A complete lab write-up includes a Title, a Purpose, a Data section, a Conclusion and a Discussion of Results. The Data section should include a table of data with labeled column headings and units. The provided graph should be included with data points accurately plotted to show range as a function of angle. The Conclusion should respond to the two questions raised in the Purpose of the lab. The Discussion of Results should include theoretical predictions of range for 30, 45 and 60. Work should be clearly organized and shown. An error analysis should be included using the results of the theoretical predictions and other information from textbook readings.




K14.   Hit the Target Lab

Question: 
Given the horizontal distance from a projectile launcher to a target, at what height must the target be placed in order for the projectile to strike it?

Purpose: 
To predict the height at which a target must be placed upon a vertical board a given distance from the angled launcher in order for the projectile to strike the target.

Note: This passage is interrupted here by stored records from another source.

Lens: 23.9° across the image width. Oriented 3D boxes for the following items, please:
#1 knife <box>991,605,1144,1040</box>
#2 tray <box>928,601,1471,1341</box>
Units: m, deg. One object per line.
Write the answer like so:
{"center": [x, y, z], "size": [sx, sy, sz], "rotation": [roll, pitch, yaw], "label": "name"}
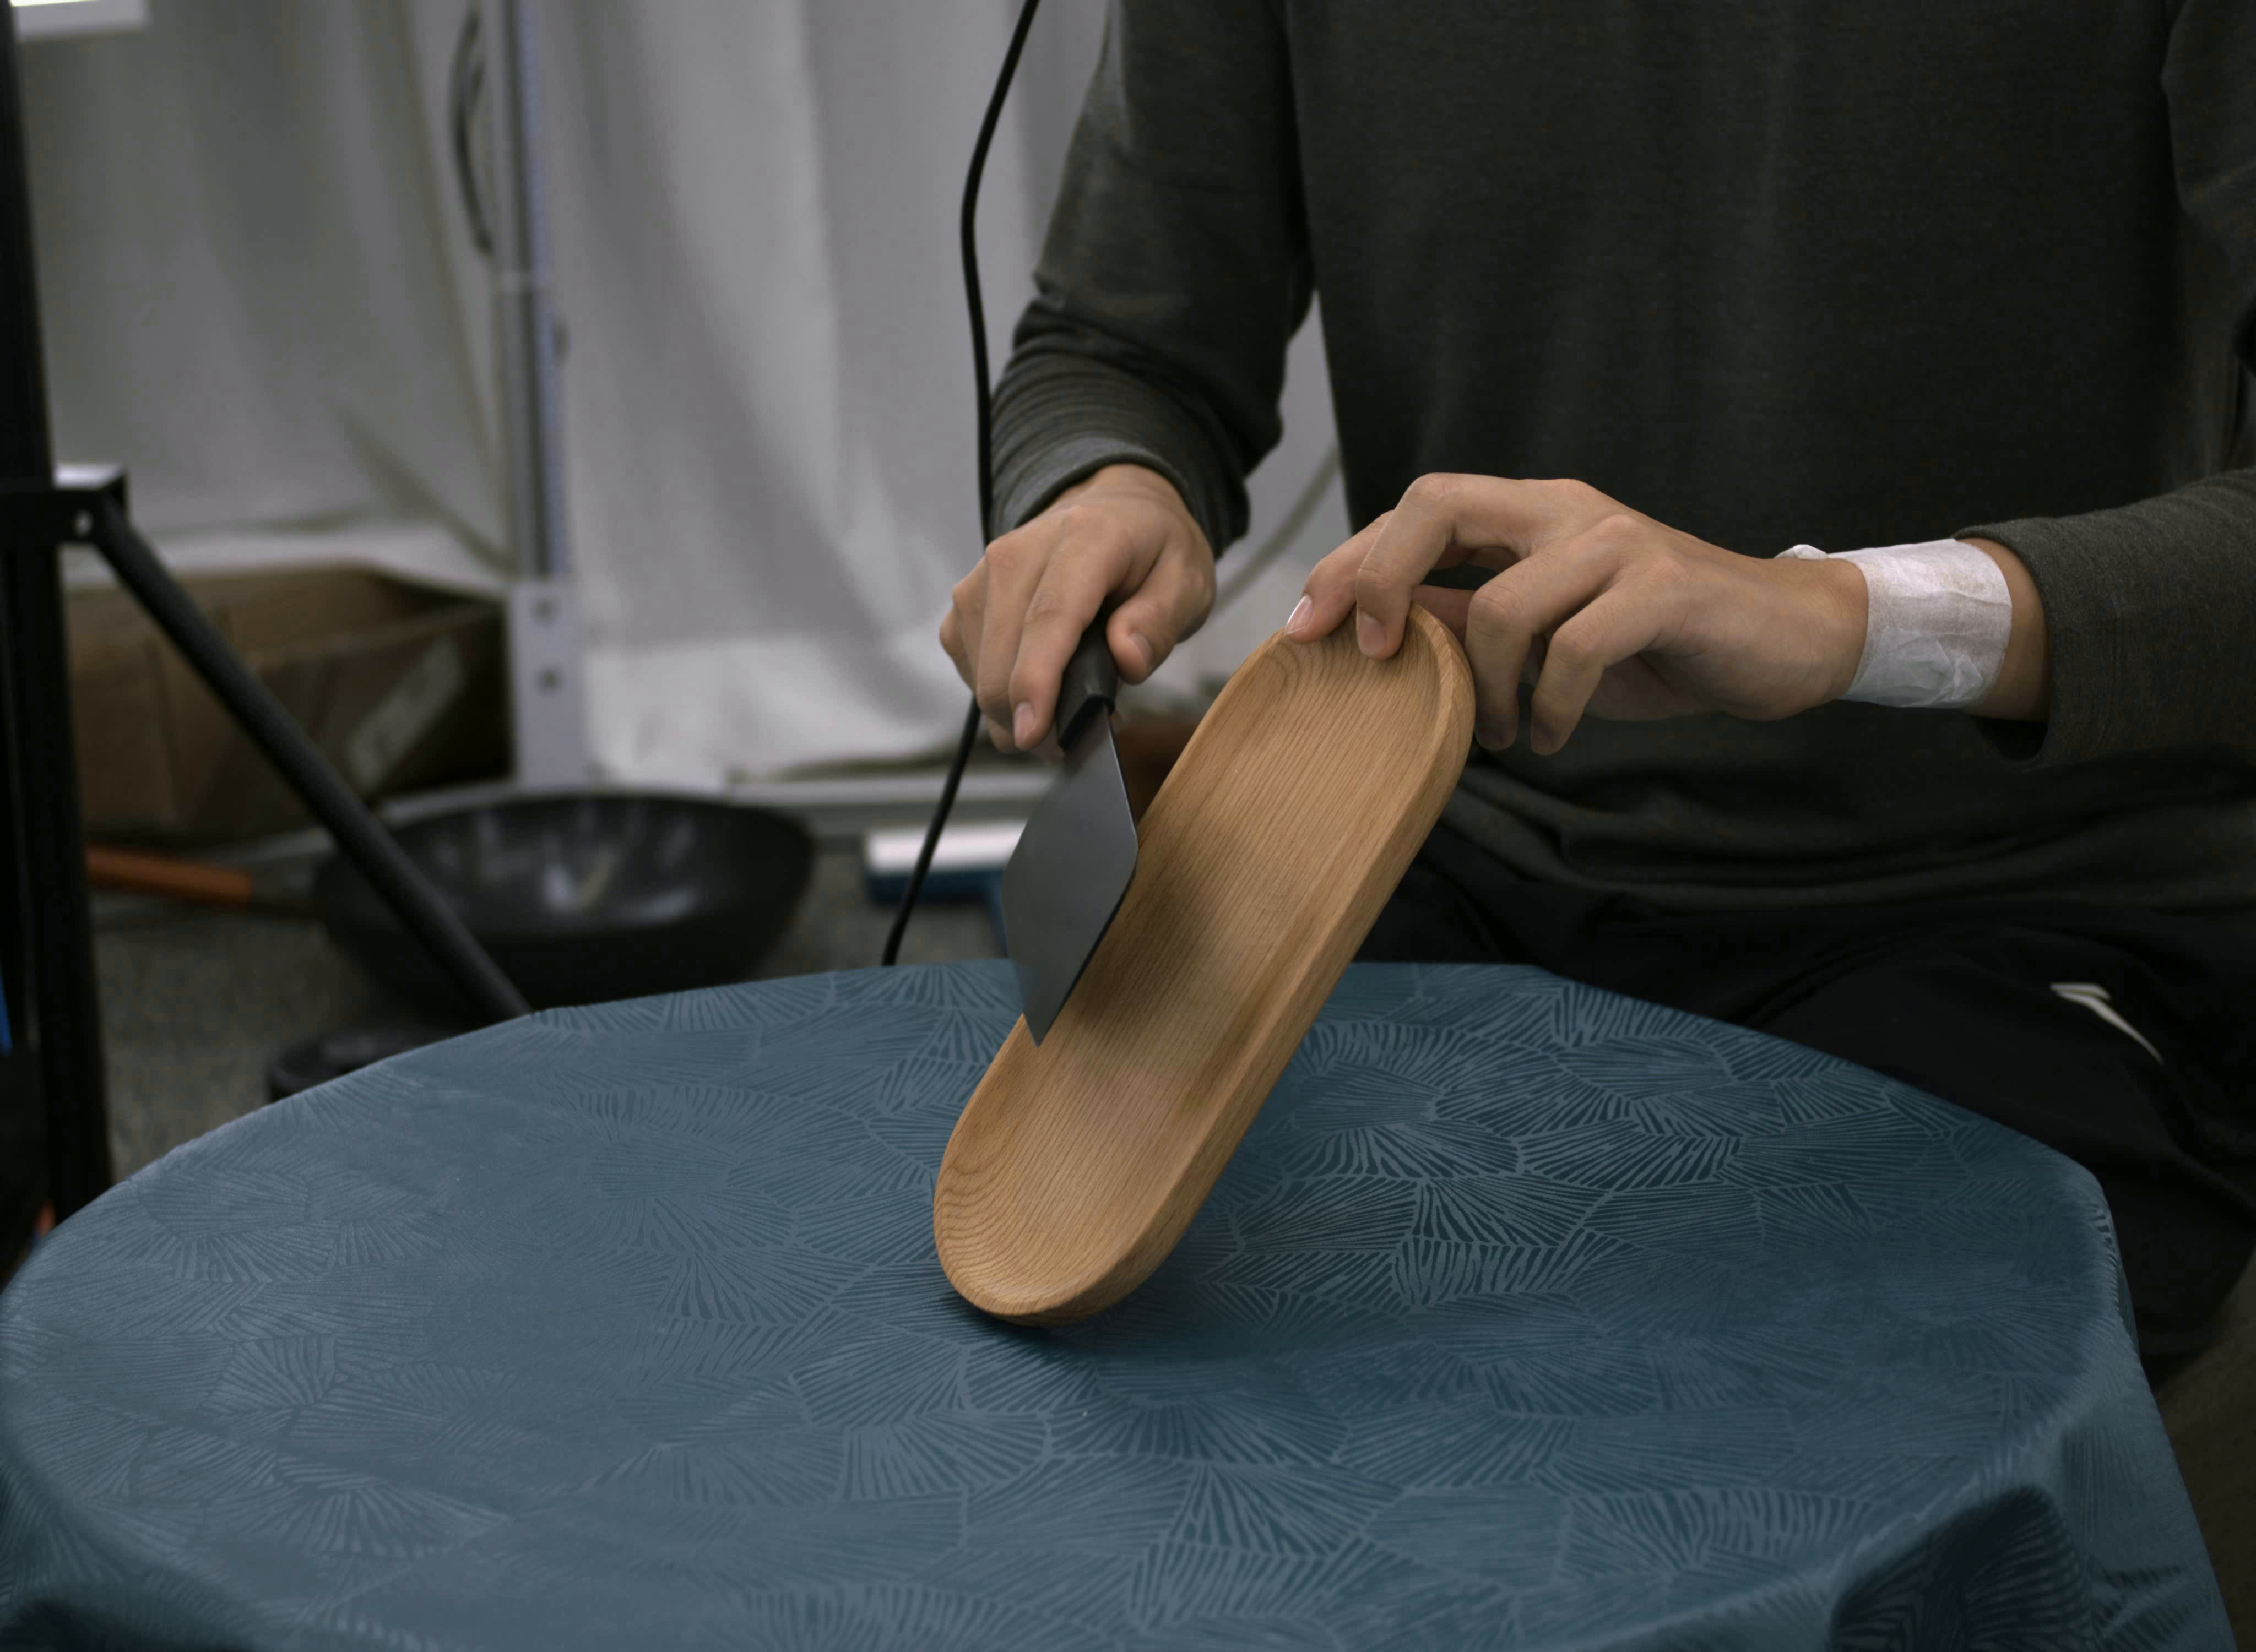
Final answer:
{"center": [-0.020, -0.008, 1.569], "size": [0.020, 0.081, 0.304], "rotation": [29, 16, -11], "label": "knife"}
{"center": [0.020, 0.040, 1.474], "size": [0.020, 0.231, 0.104], "rotation": [34, -6, -35], "label": "tray"}

A complete lab write-up includes a Title, a Purpose, a Data section, and a Conclusion/Discussion. The Data section should include a diagram of the experimental set-up with distances and angles listed upon the diagram. The launch speed (from previous lab) should be listed. A complete and organized solution to the challenge should be shown. Calculations should identify the symbols of the variables being used in multiplication and division steps in addition to the numerical quantities. A percent error analysis should be performed; work should be shown and labeled. The Conclusion/Discussion should state the predicted height and identify whether the result was successful or not.